(Items listed in a dataset)
------------------------------

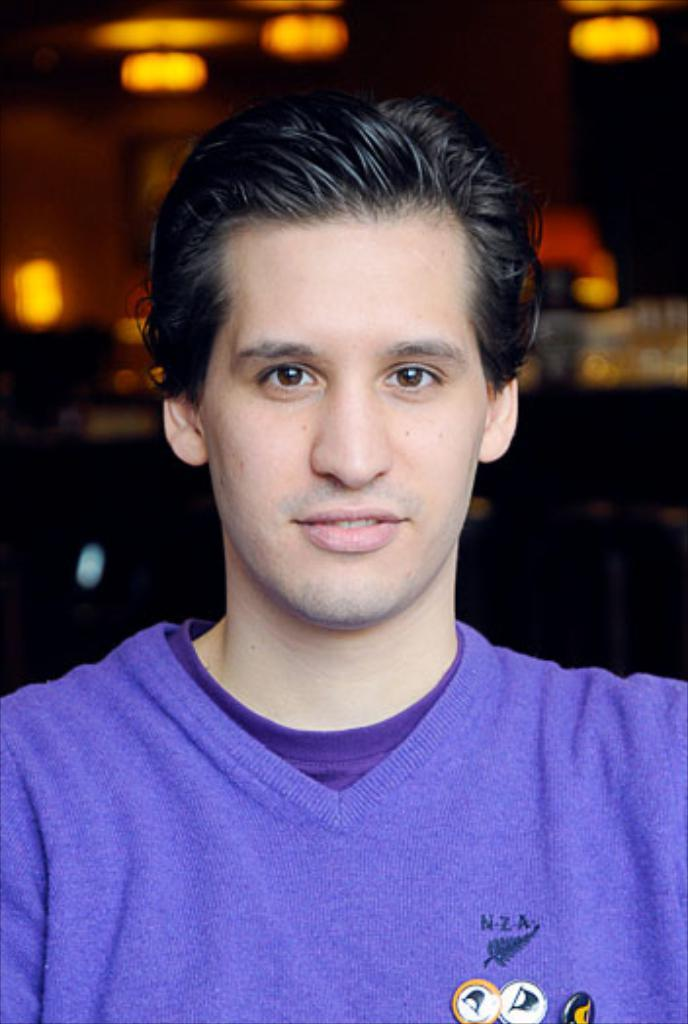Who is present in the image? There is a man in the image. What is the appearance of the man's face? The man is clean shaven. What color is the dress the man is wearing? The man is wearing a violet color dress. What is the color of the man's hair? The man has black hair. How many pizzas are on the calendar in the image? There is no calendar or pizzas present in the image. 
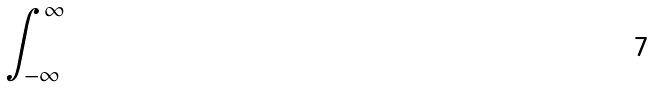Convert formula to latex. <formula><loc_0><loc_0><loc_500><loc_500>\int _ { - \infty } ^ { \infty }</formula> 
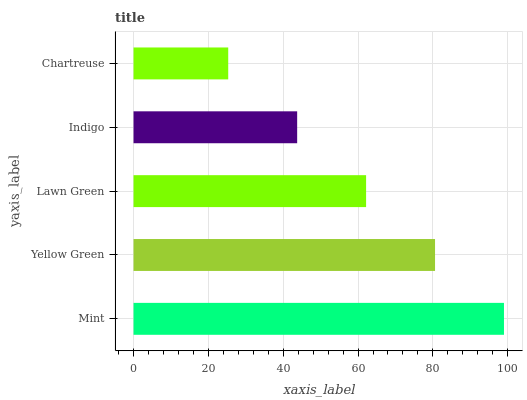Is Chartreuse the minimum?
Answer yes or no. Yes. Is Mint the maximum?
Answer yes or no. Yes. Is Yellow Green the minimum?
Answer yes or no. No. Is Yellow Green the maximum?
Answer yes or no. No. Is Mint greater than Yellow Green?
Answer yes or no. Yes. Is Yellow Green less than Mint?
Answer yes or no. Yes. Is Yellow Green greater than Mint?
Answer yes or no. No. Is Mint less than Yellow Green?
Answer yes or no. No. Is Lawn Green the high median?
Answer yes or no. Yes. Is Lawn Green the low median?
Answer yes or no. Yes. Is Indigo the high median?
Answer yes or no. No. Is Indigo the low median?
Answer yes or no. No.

------------------------------

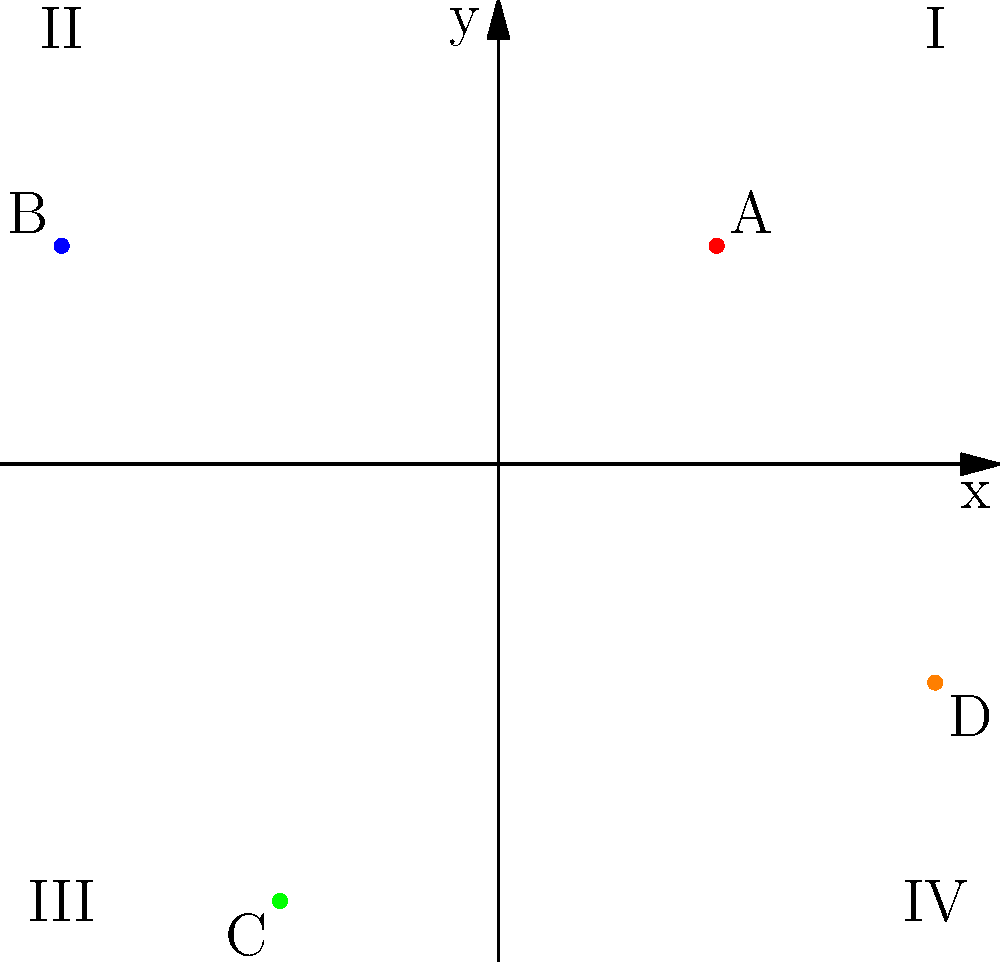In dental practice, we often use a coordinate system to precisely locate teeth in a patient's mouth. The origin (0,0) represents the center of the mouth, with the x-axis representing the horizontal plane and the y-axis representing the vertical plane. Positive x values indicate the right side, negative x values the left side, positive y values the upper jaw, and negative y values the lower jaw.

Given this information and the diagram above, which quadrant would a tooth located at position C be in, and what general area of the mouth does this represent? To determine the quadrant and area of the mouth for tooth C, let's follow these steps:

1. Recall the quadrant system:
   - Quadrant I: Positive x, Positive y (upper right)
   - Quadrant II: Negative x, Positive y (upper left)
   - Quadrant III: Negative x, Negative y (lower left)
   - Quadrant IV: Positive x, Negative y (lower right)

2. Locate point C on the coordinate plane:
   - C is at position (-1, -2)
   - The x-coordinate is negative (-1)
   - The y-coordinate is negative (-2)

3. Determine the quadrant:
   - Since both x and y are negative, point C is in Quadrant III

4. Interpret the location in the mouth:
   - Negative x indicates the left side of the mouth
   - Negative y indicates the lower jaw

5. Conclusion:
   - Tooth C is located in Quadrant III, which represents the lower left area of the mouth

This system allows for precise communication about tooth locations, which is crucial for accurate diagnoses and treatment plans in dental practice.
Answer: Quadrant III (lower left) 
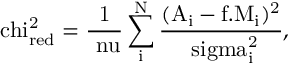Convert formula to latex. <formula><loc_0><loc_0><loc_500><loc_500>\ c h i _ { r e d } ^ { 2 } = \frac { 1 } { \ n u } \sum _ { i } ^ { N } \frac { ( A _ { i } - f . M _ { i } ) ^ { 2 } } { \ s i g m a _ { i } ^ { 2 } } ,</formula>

------------------------------

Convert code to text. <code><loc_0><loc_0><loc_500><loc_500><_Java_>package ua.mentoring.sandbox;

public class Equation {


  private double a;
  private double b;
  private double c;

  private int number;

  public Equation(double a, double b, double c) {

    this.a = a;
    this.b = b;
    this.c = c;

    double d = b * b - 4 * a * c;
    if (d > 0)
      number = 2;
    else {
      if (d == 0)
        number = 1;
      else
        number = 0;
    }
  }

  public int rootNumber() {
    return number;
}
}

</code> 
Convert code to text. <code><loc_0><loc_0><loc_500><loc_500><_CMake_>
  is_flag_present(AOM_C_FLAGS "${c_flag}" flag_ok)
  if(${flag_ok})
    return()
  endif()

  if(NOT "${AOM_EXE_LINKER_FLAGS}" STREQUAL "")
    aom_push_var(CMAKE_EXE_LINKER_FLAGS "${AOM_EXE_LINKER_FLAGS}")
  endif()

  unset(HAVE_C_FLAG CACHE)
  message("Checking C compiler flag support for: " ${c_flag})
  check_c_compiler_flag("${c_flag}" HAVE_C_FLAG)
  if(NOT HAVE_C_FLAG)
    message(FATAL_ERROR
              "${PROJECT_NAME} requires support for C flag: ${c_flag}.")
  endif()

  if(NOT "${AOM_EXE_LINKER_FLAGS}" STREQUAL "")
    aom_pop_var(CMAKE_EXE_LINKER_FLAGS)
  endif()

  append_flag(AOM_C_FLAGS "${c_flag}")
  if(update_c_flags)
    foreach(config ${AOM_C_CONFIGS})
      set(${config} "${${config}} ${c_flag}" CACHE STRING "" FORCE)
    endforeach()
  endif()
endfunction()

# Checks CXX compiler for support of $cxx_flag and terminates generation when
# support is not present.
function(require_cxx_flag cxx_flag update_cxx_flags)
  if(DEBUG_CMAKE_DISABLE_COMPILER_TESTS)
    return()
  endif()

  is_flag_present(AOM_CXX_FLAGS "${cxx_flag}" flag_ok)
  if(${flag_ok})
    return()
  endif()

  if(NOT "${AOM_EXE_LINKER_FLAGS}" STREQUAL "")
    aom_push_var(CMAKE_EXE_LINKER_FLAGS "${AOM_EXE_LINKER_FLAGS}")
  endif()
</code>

------------------------------

### Task to complete:
All lines above containing the string "code": copy each one.

### Output for this task:
Convert code to text. <code><loc_0><loc_0><loc_500><loc_500><_Java_>package ua.mentoring.sandbox;
</code> 
Convert code to text. <code><loc_0><loc_0><loc_500><loc_500><_CMake_>
</code>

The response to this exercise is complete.